**TASK DIRECTIONS**
Every line of the data below is to be retyped exactly.

*** EXERCISE INPUT Section Begins ***

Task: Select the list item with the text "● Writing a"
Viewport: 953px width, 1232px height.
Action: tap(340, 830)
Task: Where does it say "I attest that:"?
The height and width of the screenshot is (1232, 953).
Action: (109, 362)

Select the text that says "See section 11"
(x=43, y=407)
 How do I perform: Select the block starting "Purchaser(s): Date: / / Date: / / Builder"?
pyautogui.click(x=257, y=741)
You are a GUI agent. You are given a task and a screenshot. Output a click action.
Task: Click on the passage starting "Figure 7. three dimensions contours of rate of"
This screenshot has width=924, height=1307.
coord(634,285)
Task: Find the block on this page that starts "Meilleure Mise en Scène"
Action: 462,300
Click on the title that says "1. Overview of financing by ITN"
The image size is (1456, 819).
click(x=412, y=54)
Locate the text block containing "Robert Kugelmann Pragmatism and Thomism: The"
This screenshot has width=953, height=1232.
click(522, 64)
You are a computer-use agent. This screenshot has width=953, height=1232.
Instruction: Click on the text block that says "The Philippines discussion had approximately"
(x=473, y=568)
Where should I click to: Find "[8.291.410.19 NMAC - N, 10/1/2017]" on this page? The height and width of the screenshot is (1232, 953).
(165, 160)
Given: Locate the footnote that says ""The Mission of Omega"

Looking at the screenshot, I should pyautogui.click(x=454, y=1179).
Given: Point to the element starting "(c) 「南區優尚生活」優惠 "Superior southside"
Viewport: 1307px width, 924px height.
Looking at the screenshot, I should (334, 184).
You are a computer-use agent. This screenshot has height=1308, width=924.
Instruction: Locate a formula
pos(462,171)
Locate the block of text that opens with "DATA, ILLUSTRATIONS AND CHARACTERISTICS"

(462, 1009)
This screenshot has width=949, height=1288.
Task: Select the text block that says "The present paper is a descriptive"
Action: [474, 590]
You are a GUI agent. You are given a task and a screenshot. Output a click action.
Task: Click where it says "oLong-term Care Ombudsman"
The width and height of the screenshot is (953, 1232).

*** EXERCISE INPUT Section Ends ***

**EXERCISE RESPONSE**
Task: Select the list item with the text "● Writing a"
Viewport: 953px width, 1232px height.
Action: tap(340, 830)
Task: Where does it say "I attest that:"?
The height and width of the screenshot is (1232, 953).
Action: (109, 362)

Select the text that says "See section 11"
(x=43, y=407)
 How do I perform: Select the block starting "Purchaser(s): Date: / / Date: / / Builder"?
pyautogui.click(x=257, y=741)
You are a GUI agent. You are given a task and a screenshot. Output a click action.
Task: Click on the passage starting "Figure 7. three dimensions contours of rate of"
This screenshot has width=924, height=1307.
coord(634,285)
Task: Find the block on this page that starts "Meilleure Mise en Scène"
Action: 462,300
Click on the title that says "1. Overview of financing by ITN"
The image size is (1456, 819).
click(x=412, y=54)
Locate the text block containing "Robert Kugelmann Pragmatism and Thomism: The"
This screenshot has width=953, height=1232.
click(522, 64)
You are a computer-use agent. This screenshot has width=953, height=1232.
Instruction: Click on the text block that says "The Philippines discussion had approximately"
(x=473, y=568)
Where should I click to: Find "[8.291.410.19 NMAC - N, 10/1/2017]" on this page? The height and width of the screenshot is (1232, 953).
(165, 160)
Given: Locate the footnote that says ""The Mission of Omega"

Looking at the screenshot, I should pyautogui.click(x=454, y=1179).
Given: Point to the element starting "(c) 「南區優尚生活」優惠 "Superior southside"
Viewport: 1307px width, 924px height.
Looking at the screenshot, I should (334, 184).
You are a computer-use agent. This screenshot has height=1308, width=924.
Instruction: Locate a formula
pos(462,171)
Locate the block of text that opens with "DATA, ILLUSTRATIONS AND CHARACTERISTICS"

(462, 1009)
This screenshot has width=949, height=1288.
Task: Select the text block that says "The present paper is a descriptive"
Action: [474, 590]
You are a GUI agent. You are given a task and a screenshot. Output a click action.
Task: Click where it says "oLong-term Care Ombudsman"
The width and height of the screenshot is (953, 1232).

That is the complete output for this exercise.